» WHAT IS NEEDED
Retype, word for word, every line of the records below starting at the one that contains "6. ballet flat [437, 356, 492, 439]" and ending at the one that contains "10. label tape box [481, 40, 719, 297]"; include both of those lines and nothing more.

[Stored items from a collection]
---
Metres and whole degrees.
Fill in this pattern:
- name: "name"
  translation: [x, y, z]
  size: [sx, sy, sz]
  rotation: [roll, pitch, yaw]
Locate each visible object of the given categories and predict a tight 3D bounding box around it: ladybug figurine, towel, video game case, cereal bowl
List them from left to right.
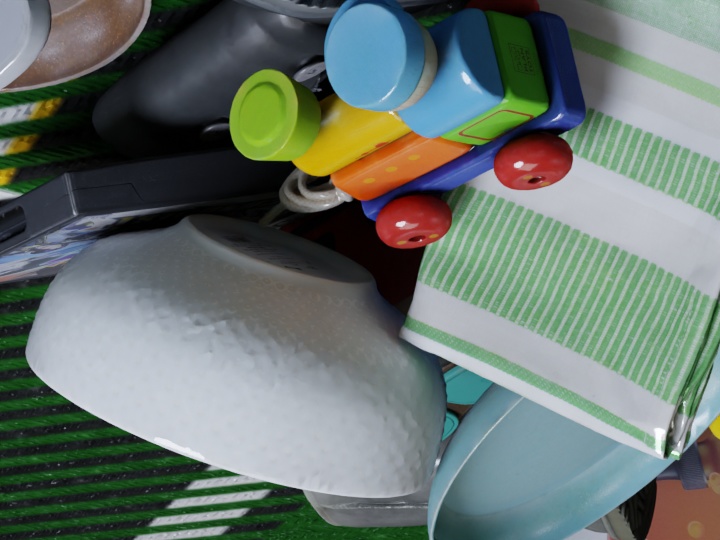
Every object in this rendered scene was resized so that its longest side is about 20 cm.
- name: "video game case"
  translation: [-0.098, -0.029, 1.246]
  size: [0.199, 0.026, 0.180]
  rotation: [-10, 174, -36]
- name: "cereal bowl"
  translation: [-0.049, 0.029, 1.167]
  size: [0.199, 0.084, 0.200]
  rotation: [18, -169, -4]
- name: "ladybug figurine"
  translation: [0.000, 0.000, 1.313]
  size: [0.199, 0.136, 0.072]
  rotation: [-30, 110, 38]
- name: "towel"
  translation: [0.104, -0.038, 1.086]
  size: [0.152, 0.202, 0.023]
  rotation: [23, -167, 29]

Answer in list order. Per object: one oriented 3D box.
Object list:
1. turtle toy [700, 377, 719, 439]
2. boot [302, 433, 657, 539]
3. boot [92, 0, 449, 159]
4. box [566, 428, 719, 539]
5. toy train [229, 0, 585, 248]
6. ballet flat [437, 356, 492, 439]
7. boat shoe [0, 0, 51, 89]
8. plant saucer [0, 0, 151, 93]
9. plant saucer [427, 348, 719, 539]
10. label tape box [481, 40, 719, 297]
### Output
- name: "turtle toy"
  translation: [0.193, 0.004, 1.305]
  size: [0.199, 0.101, 0.146]
  rotation: [-14, 116, 31]
- name: "boot"
  translation: [0.056, 0.098, 1.434]
  size: [0.198, 0.073, 0.182]
  rotation: [8, 145, 23]
- name: "boot"
  translation: [-0.060, -0.108, 1.122]
  size: [0.164, 0.066, 0.199]
  rotation: [2, 162, -39]
- name: "box"
  translation: [0.229, 0.165, 1.582]
  size: [0.198, 0.153, 0.106]
  rotation: [8, 155, -12]
- name: "toy train"
  translation: [-0.012, -0.056, 1.087]
  size: [0.199, 0.085, 0.115]
  rotation: [-26, 158, 38]
- name: "ballet flat"
  translation: [0.038, 0.051, 1.343]
  size: [0.068, 0.069, 0.200]
  rotation: [22, 143, -34]
- name: "boat shoe"
  translation: [-0.211, -0.093, 1.136]
  size: [0.199, 0.072, 0.070]
  rotation: [-18, 175, 29]
- name: "plant saucer"
  translation: [-0.191, -0.142, 1.132]
  size: [0.198, 0.035, 0.201]
  rotation: [1, 154, 1]
- name: "plant saucer"
  translation: [0.109, 0.068, 1.217]
  size: [0.199, 0.027, 0.201]
  rotation: [-30, 153, -17]
- name: "label tape box"
  translation: [0.154, -0.050, 1.154]
  size: [0.199, 0.067, 0.143]
  rotation: [-32, 160, 27]
---
» EXERCISE ANSWER
6. ballet flat [437, 356, 492, 439]
7. boat shoe [0, 0, 51, 89]
8. plant saucer [0, 0, 151, 93]
9. plant saucer [427, 348, 719, 539]
10. label tape box [481, 40, 719, 297]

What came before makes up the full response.